Commit ea10b08dcecdd0852dee6903331adbcd0a038ac7

Con Kolivas 2012-07-25T22:02:14

Find the nearest power of 2 maximum alloc size for the scrypt buffer that can successfully be allocated and is large enough to accomodate the thread concurrency chosen, thus mapping it to an intensity.

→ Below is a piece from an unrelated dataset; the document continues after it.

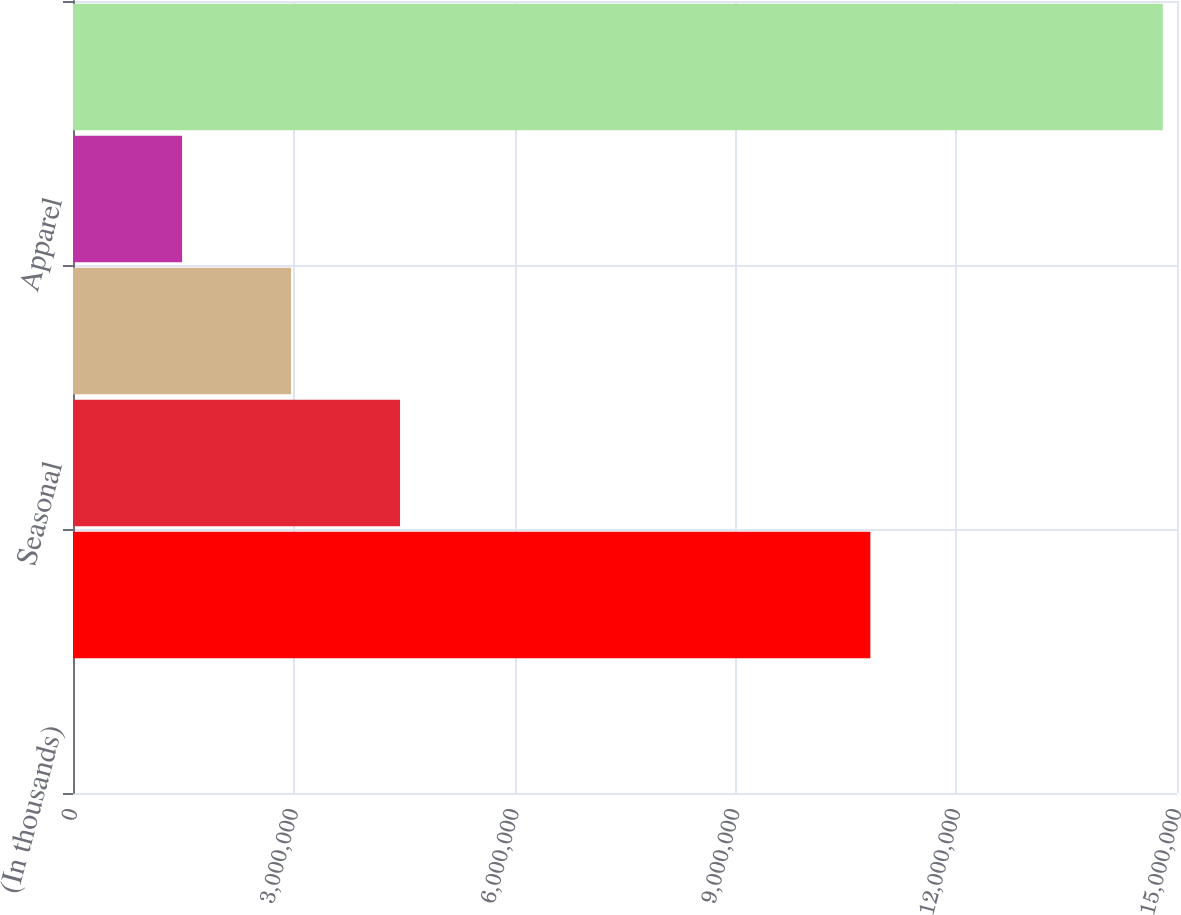Convert chart to OTSL. <chart><loc_0><loc_0><loc_500><loc_500><bar_chart><fcel>(In thousands)<fcel>Consumables<fcel>Seasonal<fcel>Home products<fcel>Apparel<fcel>Net sales<nl><fcel>2011<fcel>1.08337e+07<fcel>4.44356e+06<fcel>2.96305e+06<fcel>1.48253e+06<fcel>1.48072e+07<nl></chart> 
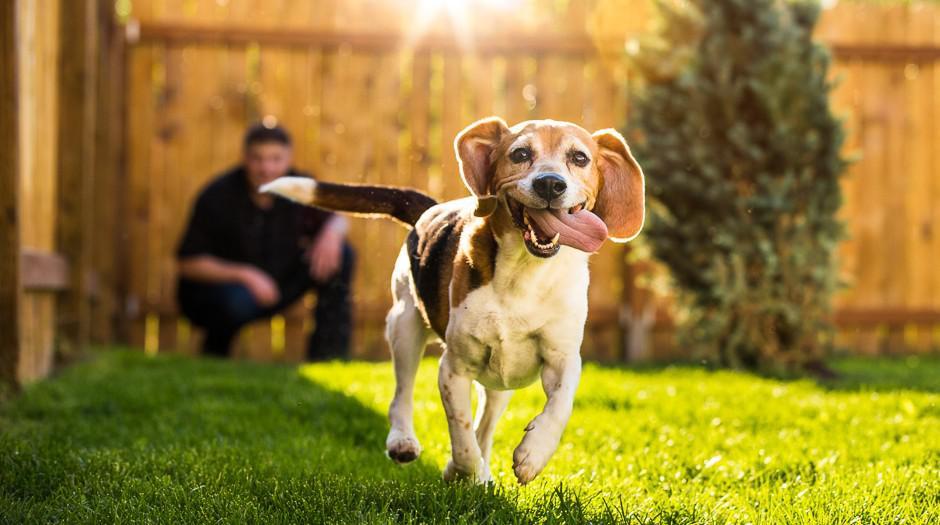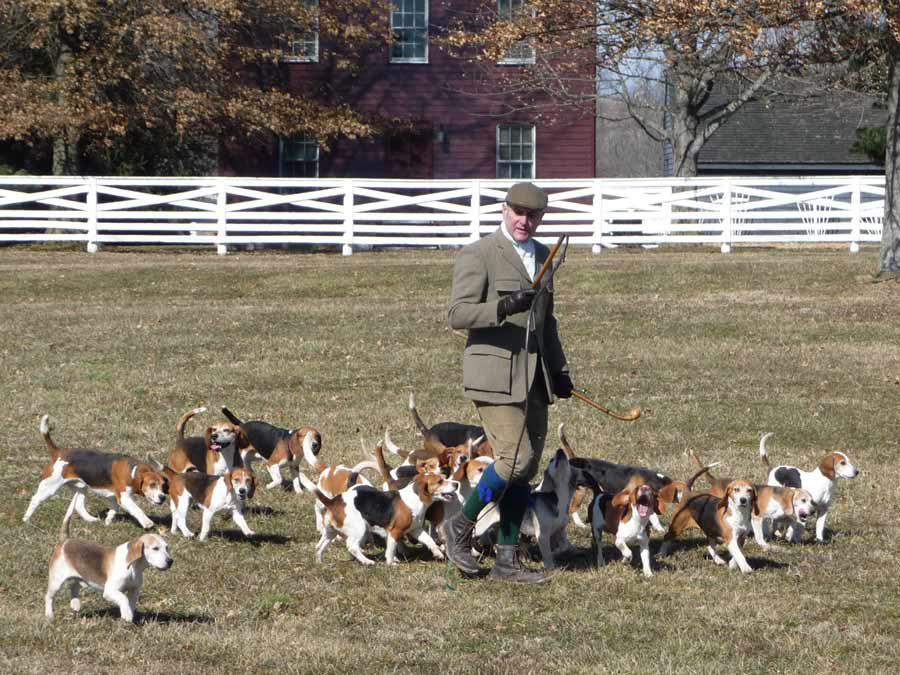The first image is the image on the left, the second image is the image on the right. Examine the images to the left and right. Is the description "An image shows two people wearing white trousers standing by a pack of hound dogs." accurate? Answer yes or no. No. The first image is the image on the left, the second image is the image on the right. Evaluate the accuracy of this statement regarding the images: "In one image, two people wearing white pants and dark tops, and carrying dog handling equipment are standing with a pack of dogs.". Is it true? Answer yes or no. No.

diff --git a/ocl.c b/ocl.c
index f726444..ba8cde2 100644
--- a/ocl.c
+++ b/ocl.c
@@ -472,17 +472,35 @@ _clState *initCl(unsigned int gpu, char *name, size_t nameSize)
 
 #ifdef USE_SCRYPT
 	if (opt_scrypt) {
+		cl_ulong ma = gpus[gpu].max_alloc, mt;
+		int pow2 = 0;
+
 		if (!gpus[gpu].lookup_gap) {
 			applog(LOG_DEBUG, "GPU %d: selecting lookup gap of 2", gpu);
 			gpus[gpu].lookup_gap = 2;
 		}
 		if (!gpus[gpu].thread_concurrency) {
-			gpus[gpu].thread_concurrency = gpus[gpu].max_alloc / 32768 / gpus[gpu].lookup_gap;
+			gpus[gpu].thread_concurrency = ma / 32768 / gpus[gpu].lookup_gap;
 			if (gpus[gpu].shaders && gpus[gpu].thread_concurrency > gpus[gpu].shaders)
 				gpus[gpu].thread_concurrency -= gpus[gpu].thread_concurrency % gpus[gpu].shaders;
 				
 			applog(LOG_DEBUG, "GPU %d: selecting thread concurrency of %u",gpu,  gpus[gpu].thread_concurrency);
 		}
+
+		/* If we have memory to spare, try to find a power of 2 value
+		 * >= required amount to map nicely to an intensity */
+		mt = gpus[gpu].thread_concurrency * 32768 * gpus[gpu].lookup_gap;
+		if (ma > mt) {
+			while (ma >>= 1)
+				pow2++;
+			ma = 1;
+			while (--pow2 && ma < mt)
+				ma <<= 1;
+			if (ma >= mt) {
+				gpus[gpu].max_alloc = ma;
+				applog(LOG_DEBUG, "Max alloc decreased to %lu", gpus[gpu].max_alloc);
+			}
+		}
 	}
 #endif
 
@@ -776,8 +794,8 @@ built:
 		size_t ipt = (1024 / gpus[gpu].lookup_gap + (1024 % gpus[gpu].lookup_gap > 0));
 		size_t bufsize = 128 * ipt * gpus[gpu].thread_concurrency;
 
-		/* Always allocate the largest possible buffer allowed, even if we're not initially requiring it
-		 * based on thread_concurrency, giving us some headroom for intensity levels. */
+		/* Use the max alloc value which has been rounded to a power of
+		 * 2 greater >= required amount earlier */
 		if (bufsize > gpus[gpu].max_alloc) {
 			applog(LOG_WARNING, "Maximum buffer memory device %d supports says %u, your scrypt settings come to %u",
 			       gpu, gpus[gpu].max_alloc, bufsize);